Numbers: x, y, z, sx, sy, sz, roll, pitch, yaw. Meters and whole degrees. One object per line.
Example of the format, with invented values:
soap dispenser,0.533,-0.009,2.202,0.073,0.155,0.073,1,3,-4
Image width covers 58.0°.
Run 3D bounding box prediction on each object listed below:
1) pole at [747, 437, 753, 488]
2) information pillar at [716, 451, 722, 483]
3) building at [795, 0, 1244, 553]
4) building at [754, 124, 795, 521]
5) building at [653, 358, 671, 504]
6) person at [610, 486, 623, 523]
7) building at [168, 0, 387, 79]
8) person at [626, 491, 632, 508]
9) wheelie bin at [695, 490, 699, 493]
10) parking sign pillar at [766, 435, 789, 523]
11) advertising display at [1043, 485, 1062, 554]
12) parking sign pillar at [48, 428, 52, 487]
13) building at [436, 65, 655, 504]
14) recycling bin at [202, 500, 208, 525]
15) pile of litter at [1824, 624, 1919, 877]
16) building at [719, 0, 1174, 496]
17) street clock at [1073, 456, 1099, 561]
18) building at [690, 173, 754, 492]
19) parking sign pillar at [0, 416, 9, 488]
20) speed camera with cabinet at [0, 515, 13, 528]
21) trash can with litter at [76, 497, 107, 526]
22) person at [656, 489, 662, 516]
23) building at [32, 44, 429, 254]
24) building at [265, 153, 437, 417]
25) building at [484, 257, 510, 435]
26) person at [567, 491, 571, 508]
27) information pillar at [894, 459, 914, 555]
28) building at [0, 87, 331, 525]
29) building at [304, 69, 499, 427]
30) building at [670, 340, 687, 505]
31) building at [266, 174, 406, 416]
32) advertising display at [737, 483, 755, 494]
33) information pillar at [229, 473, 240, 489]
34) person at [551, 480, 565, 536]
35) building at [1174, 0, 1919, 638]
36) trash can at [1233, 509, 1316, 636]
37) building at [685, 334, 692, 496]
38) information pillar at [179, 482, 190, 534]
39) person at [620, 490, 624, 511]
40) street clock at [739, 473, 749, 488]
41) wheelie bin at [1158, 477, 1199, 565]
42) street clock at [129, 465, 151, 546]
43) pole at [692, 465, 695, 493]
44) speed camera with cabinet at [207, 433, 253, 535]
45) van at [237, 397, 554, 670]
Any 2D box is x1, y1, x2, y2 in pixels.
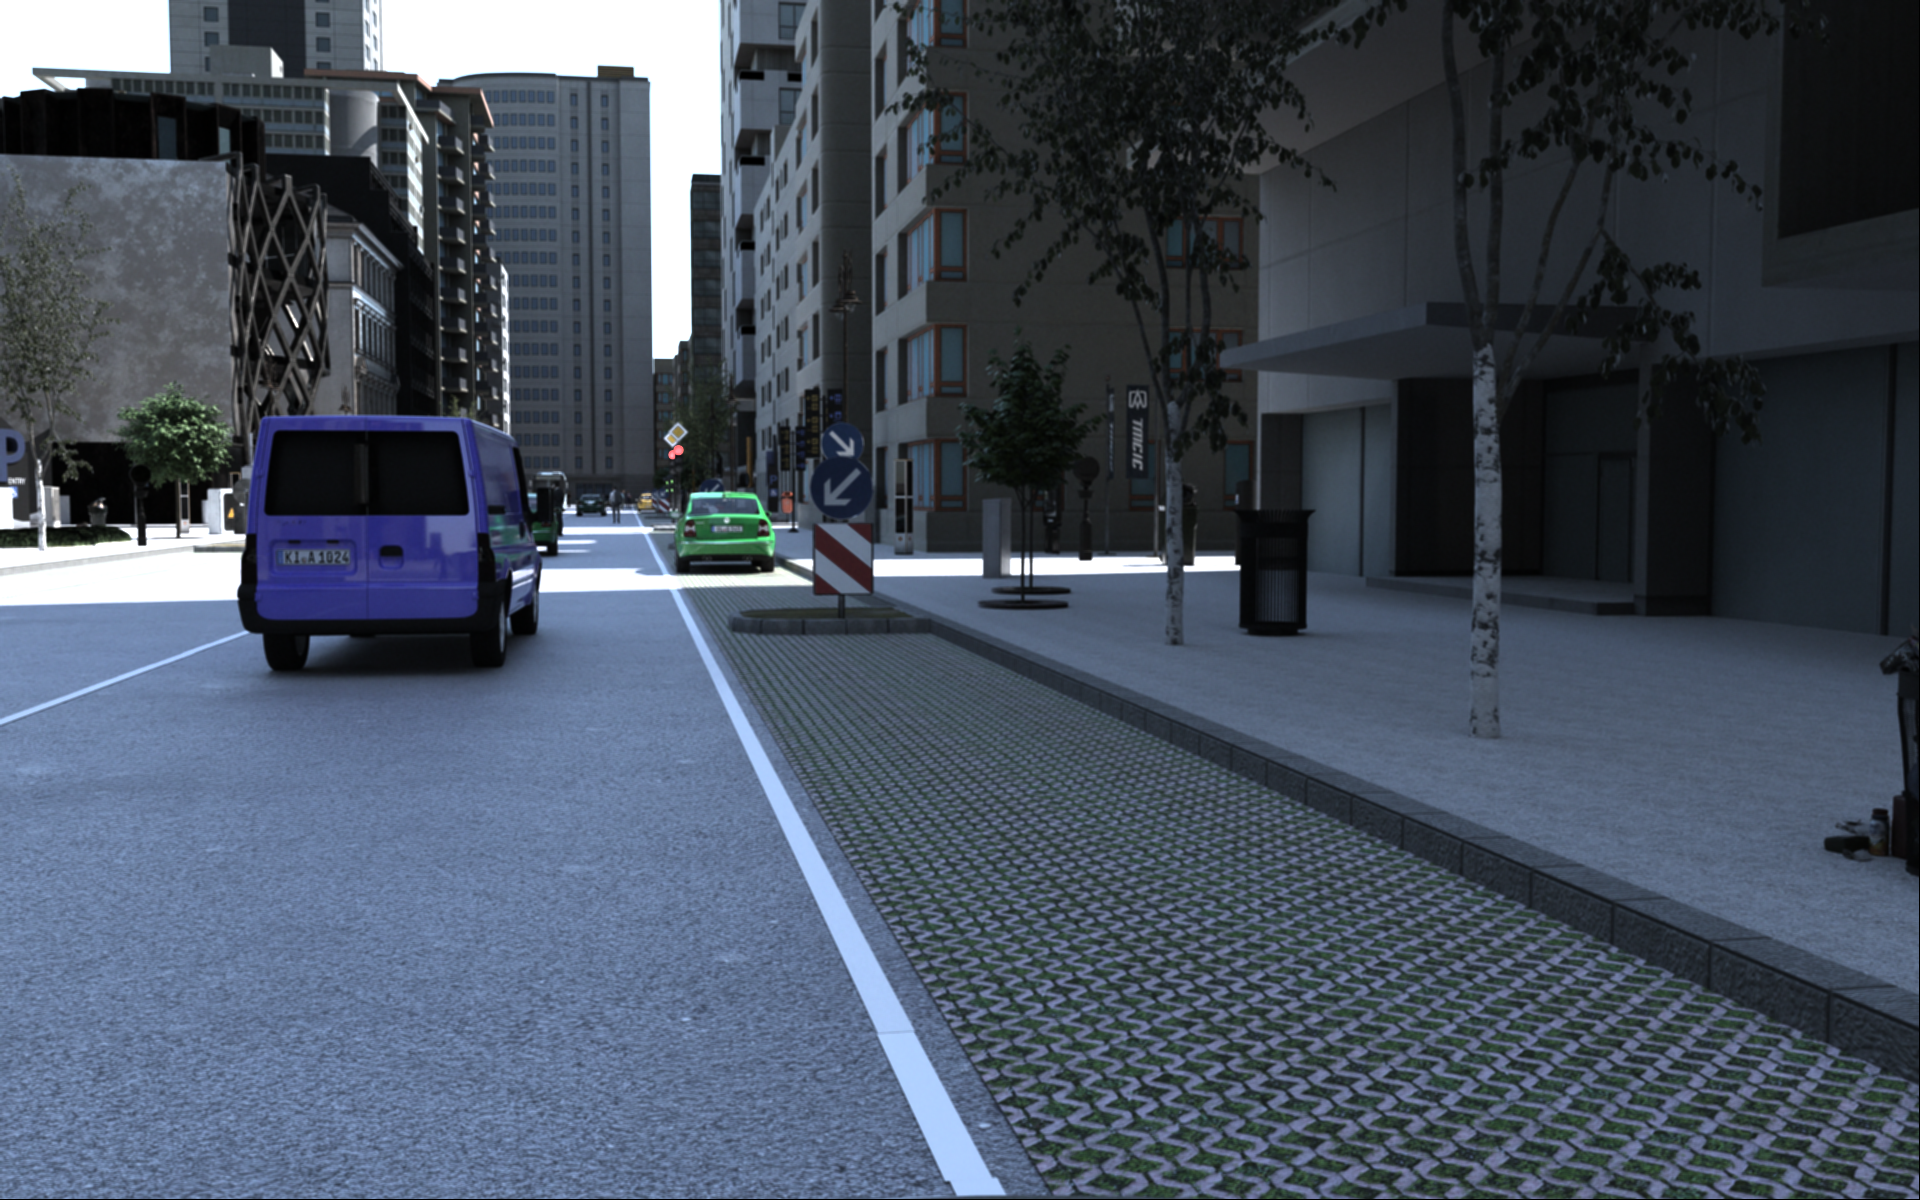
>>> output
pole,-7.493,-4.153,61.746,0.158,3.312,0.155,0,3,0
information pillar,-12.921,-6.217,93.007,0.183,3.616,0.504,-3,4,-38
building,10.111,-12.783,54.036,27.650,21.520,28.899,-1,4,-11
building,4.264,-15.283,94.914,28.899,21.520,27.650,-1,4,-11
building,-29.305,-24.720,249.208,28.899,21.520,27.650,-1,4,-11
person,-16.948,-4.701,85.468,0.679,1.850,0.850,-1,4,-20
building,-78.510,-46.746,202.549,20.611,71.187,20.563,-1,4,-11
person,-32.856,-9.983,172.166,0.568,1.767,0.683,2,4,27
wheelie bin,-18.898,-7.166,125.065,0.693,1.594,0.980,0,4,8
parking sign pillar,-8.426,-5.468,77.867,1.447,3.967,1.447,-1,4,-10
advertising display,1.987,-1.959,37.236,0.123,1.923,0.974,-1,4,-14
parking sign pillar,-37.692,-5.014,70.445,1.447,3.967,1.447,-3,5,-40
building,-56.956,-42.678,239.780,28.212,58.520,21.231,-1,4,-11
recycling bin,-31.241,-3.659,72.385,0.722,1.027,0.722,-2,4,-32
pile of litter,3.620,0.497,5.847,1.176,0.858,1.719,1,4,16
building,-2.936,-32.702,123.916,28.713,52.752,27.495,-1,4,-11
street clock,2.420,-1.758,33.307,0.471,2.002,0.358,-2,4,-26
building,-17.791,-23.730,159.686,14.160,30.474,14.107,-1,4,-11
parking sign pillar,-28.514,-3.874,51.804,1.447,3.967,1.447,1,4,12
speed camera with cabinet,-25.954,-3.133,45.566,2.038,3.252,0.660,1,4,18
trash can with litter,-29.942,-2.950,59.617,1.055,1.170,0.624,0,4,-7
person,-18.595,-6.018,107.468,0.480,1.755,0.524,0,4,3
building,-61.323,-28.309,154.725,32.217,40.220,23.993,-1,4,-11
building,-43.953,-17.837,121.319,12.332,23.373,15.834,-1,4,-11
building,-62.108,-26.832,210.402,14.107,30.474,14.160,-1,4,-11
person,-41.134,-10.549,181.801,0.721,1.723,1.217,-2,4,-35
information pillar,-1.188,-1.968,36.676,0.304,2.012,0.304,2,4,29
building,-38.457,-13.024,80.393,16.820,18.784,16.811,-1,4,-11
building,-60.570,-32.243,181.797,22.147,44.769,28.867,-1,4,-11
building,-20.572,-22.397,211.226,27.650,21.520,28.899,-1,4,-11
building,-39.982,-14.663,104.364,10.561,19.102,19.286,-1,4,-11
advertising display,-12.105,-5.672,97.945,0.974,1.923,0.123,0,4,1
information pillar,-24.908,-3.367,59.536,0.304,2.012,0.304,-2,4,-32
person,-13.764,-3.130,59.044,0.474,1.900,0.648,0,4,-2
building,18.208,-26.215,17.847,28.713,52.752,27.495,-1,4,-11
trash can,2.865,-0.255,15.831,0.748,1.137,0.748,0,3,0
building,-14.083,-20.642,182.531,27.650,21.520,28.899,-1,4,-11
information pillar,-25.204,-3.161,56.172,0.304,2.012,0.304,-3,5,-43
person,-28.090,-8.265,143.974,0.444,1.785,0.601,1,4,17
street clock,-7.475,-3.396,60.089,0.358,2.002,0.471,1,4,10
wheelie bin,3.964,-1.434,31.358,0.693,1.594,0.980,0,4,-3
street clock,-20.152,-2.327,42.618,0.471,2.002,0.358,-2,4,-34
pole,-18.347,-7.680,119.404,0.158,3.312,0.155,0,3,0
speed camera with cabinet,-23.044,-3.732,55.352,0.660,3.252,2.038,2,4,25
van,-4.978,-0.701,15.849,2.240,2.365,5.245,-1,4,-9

+++

PROMPT:
Please say how many lines in the records above contain the string "object", giving no other words.

TASK OUTPUT:
2